Come si vede dalle foto...
Certo, particolare attenzione va fatta con i libri che al loro interno prevedono le finestrelle....perchè quelle vengono distrutte in un attimo se non si resta al fianco del proprio bambino nel momento della lettura del libro o se ci si distrae anche solo un attimo...



sabato 21 settembre 2013

Pesciolini si nasce


Tanti simpatici giochini

La piscina


Un'esperienza fantastica, un momento di relax e di grande intesa reciproca.
Questo è per me il corso di acquaticità. 
La prima volta che la mia bimba è entrata in piscina aveva poco più di 4 mesi e la sua reazione non è stata affatto di meraviglia, è stata a proprio agio da subito,  per lei la cosa più normale del mondo. Non ha pianto. Neanche quando l'istruttrice, davanti ai miei occhi sbalorditi, ha immerso la bimba sott'acqua. Era felice.  Io no, (cioè SI, ero felice...), ci ho messo un paio di lezioni per acquisire disinvoltura e per non essere impacciata.  Non ero mai entrata in una piscina . Non sono molto "acquatica". So nuotare. Stop.
La lezione ha una durata di 50 minuti ed è strutturata per favorire il contatto reciproco fra il genitore e il bambino. 
Il corso di acquaticità non si prefigge  obiettivi tecnici. L'istruttore altro non è che un mediatore tra il genitore e il bambino. L'obiettivo è creare un'ambiente stimolante e favorire la relazione tra tra mamma-bambino, papà-bambino. Il corso prevede la presenza di un solo genitore in acqua, noi solitamente ci alterniamo.
I giochini, le luci presenti in piscina fanno vivere al bimbo nuove esperienze giocose e divertenti e tante piacevoli sensazioni, ma oltre ad essere un'attività divertente e stimolante,  offre  vantaggi per lo sviluppo fisico e motorio.
Ma l'aspetto per me più importante è la grande intesa reciproca , la fiducia e l'effetto rilassante. Un appuntamento settimanale da rispettare, perché anche se a volte le innumerevoli cose da fare di porterebbero a pensare di saltare la lezione, quando sei lì non puoi che essere felice di non aver ceduto alla tentazione di restare a casa.
E poi diciamolo...in acqua la bimba non pesa e le mie braccia ringraziano. :-)

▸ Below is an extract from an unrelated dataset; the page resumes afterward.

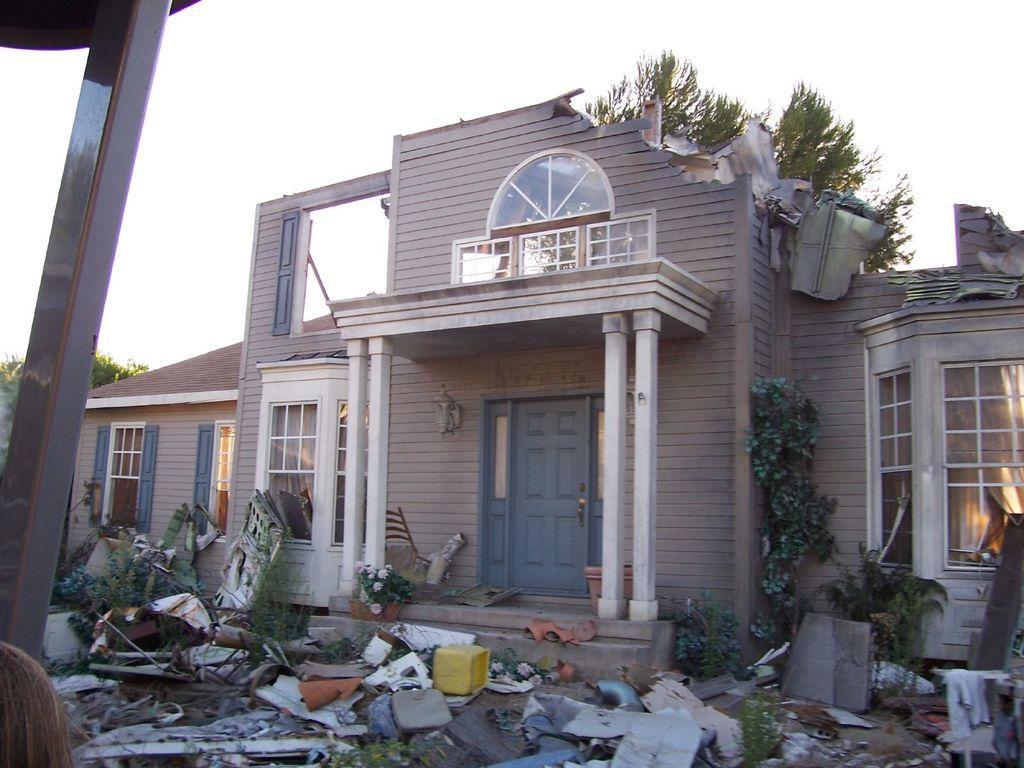Can you describe this image briefly? In this image there is a collapsed building, in front of that there is a garbage, behind that there are some trees. 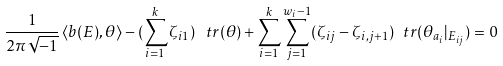<formula> <loc_0><loc_0><loc_500><loc_500>\frac { 1 } { 2 \pi \sqrt { - 1 } } \, \langle b ( E ) , \theta \rangle - ( \sum _ { i = 1 } ^ { k } \zeta _ { i 1 } ) \, \ t r ( \theta ) + \sum _ { i = 1 } ^ { k } \sum _ { j = 1 } ^ { w _ { i } - 1 } ( \zeta _ { i j } - \zeta _ { i , j + 1 } ) \ t r ( \theta _ { a _ { i } } | _ { E _ { i j } } ) = 0</formula>

Fare le foto dentro la piscina non è facile, le luci non aiutano.

Love 
Happy :-)

Relax...
Uno, due, tre....doccia!
Coccole post immersione
Andiamo giù a dare un'occhiatina...;-)

sabato 31 agosto 2013

I love my pouch sling!


Ho acquistato diversi tipi di fasce, alcune relativamente costose, e ho capito che la mia preferita, al momento, è questa! La pouch sling. 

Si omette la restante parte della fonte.